He made the remarks in an interview with the Jamaica Observer newspaper in Kingston where talks between the two sides stalemated.

Meanwhile, Jamaica's Prime Minister, PJ Patterson wants Guyana and Suriname to continue their discussions on the resolution of their maritime border dispute as a matter of urgency.

Patterson, who facilitated four days of talks between the two countries over the last weekend, wants the leaders to each appoint a competent team with a mandate to negotiate and conclude an agreement for the joint exploitation and utilisation of the resources in the disputed territory.

But while Guyana sees a continuing role for Jamaica as facilitator. Foreign Minister Rohee indicated that Guyana had to begin looking for other remedies, including moving the dispute to the multilateral level. The tribunal established by the United Nations Convention on the Law of the Sea, based in Hamburg, Germany was mentioned as one such remedy.

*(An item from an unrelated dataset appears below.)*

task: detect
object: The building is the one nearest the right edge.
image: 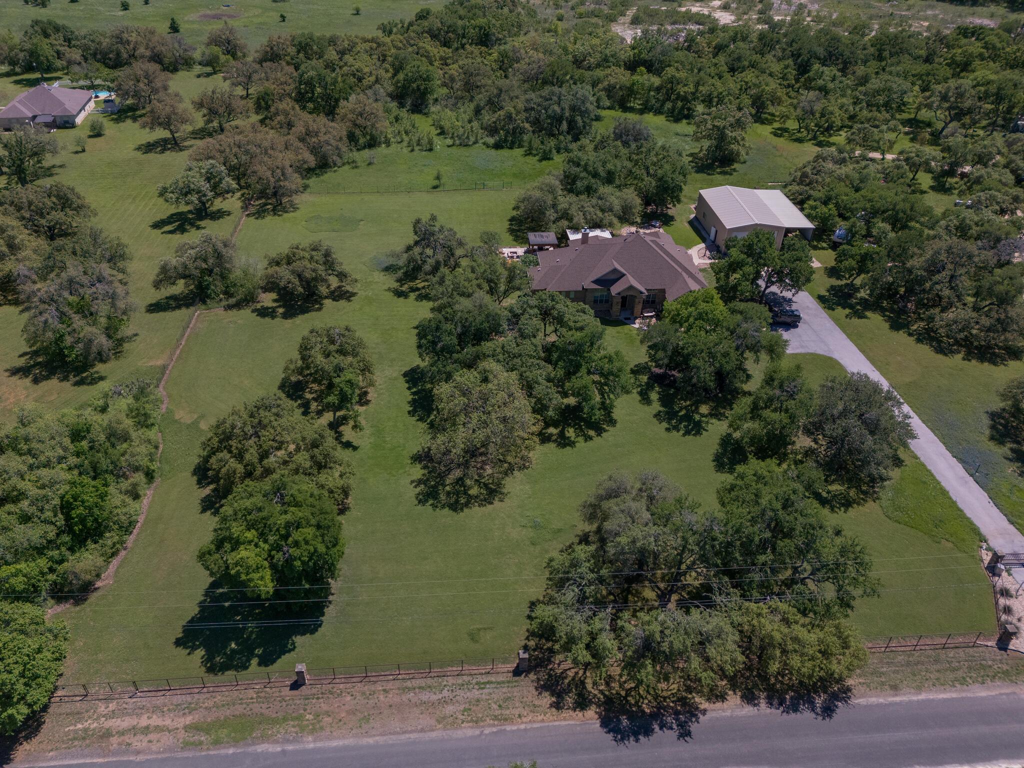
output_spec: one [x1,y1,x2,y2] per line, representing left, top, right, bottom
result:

Rohee said it was time for a national debate on this issue.

A statement from Patterson's office yesterday, said that though disappointed, the Jamaican leader had, in letters to President Bharrat Jagdeo and Suriname's President Jules Wijdenbosch, suggested that they each designate a competent team "which is authorised to engage, as a matter of urgency, in discussions to settle the modalities for undertaking exploration activities in the (disputed) area."

The statement said that despite the breakdown "considerable advance has been made in fashioning the process of a regulation of the territorial border dispute and the determination of the maritime boundaries between both countries."

Patterson has proposed too that they both "suggest where and how soon such a meeting would be most convenient," adding, "Jamaica stands prepared to offer whatever services might be useful in facilitating those discussions, as we believe it is in the interest of both countries and the Caribbean Community that there be an early resolution."

In the interview with the Jamaica Observer, Rohee praised Patterson's chairmanship of the meeting, stating that he did "an excellent and even-handed job of steering the talks, relying heavily on the rule of international law and equity."

However, Rohee blamed the failure to reach an agreement which would have facilitated joint exploitation and utilisation on the intransigence on the part of the "outgoing Suriname government with its entrenched, dogmatic and siege mentality."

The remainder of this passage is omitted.